Cite as: http://hdl.handle.net/11858/00-001M-0000-0014-3AC6-D
Abstract
The question of whether deep water formation might have occurred in subtropical latitudes in the early Cenozoic is examined through use of a global ocean model forced by mixed boundary conditions. Zonal mean surface temperatures and wind stresses are derived from an atmospheric general circulation model (AGCM) simulation of the warm Paleocene/Eocene boundary interval (similar to 55 Ma) and are held constant for a series of sensitivity tests.
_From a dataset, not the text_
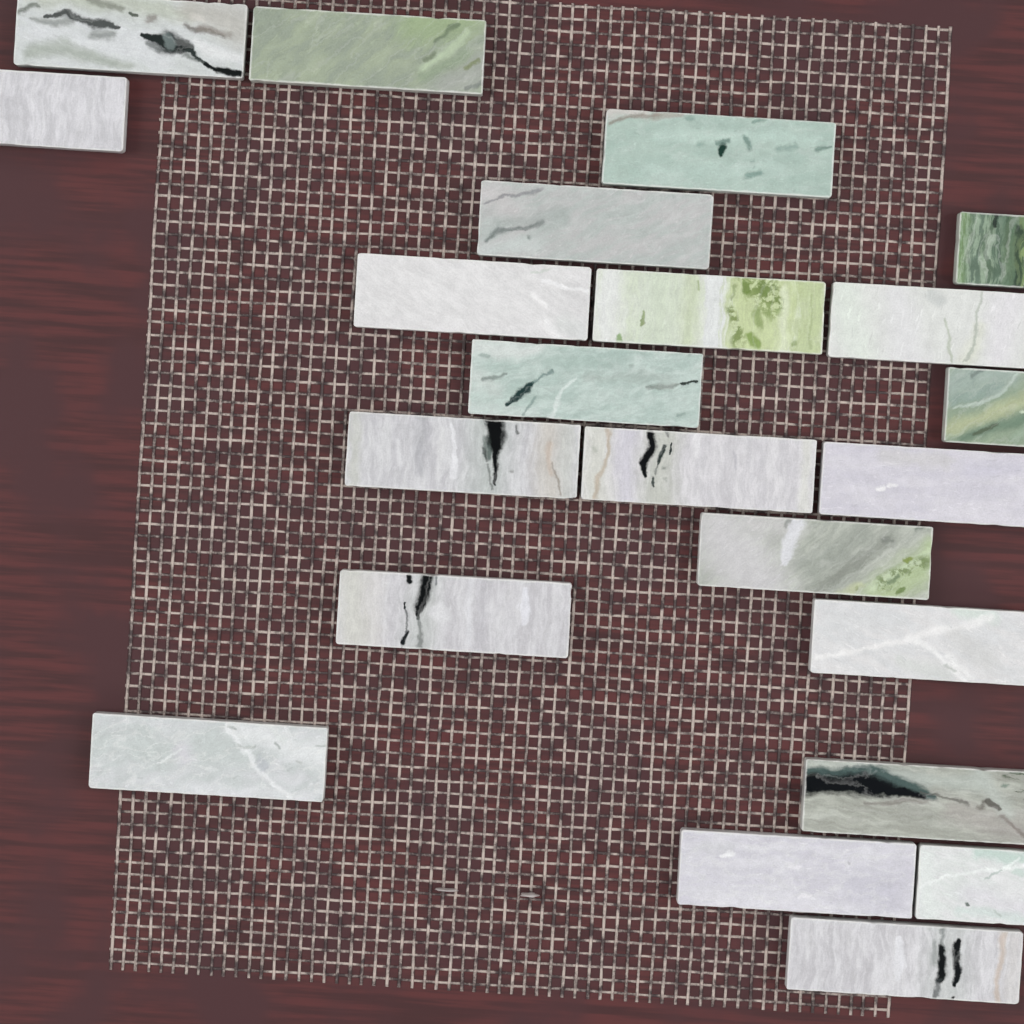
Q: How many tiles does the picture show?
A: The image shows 22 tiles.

The control case for moisture flux (evaporation minus precipitation, E-P), also derived from the AGCM, is perturbed sd that the subtropical evaporation increases and high-latitude precipitation increases. A dramatic response is seen in the temperature and salinity structure of the model ocean, but the perturbation does not result in deep convection in subtropical latitudes. In all cases, bottom water is formed in the southern high latitudes, and the global meridional overturning is characterized by a strongly asymmetric circulation, No multiple equilibria have been found fdr any particular E-P configuration. In the most extreme case (5 times the control E-P) the model oscillates between meridional overturning circulation "on" and "off," Shorter-lived thermohaline slowing and reinvigoration are observed as a transient response under less extreme E-P perturbations. Despite the high evaporation implied in the perturbation experiments, mean mixed layer salinities in the subtropics do not rise much above the control case because of efficient removal of salt (and heat) through deepened subduction beneath the subtropical gyres. The sensitivity of the results to the parameterization of continental runoff and the specified diapycnal mixing coefficient (K,) are also examined. Distributing runoff purely zonally, rather than globally, has approximately the same effect as a 50% increase in the strength of the hydrologic cycle. Decreasing K(v) to 0.3 cm(2) s(-1) from the standard value of 1.0 cm(2) s(-1) increases the sensitivity to an increased hydrologic cycle considerably, but in no case does low-latitude deep water formation occur, indicating that subtropical bottom water formation is implausible in a model with some degree of realism. These experiments support changes in moisture flux as a mechanism for ocean warming (largely in the thermocline through intermediate water depths), but the process involved is deepened subtropical subduction and not subtropical deep water formation.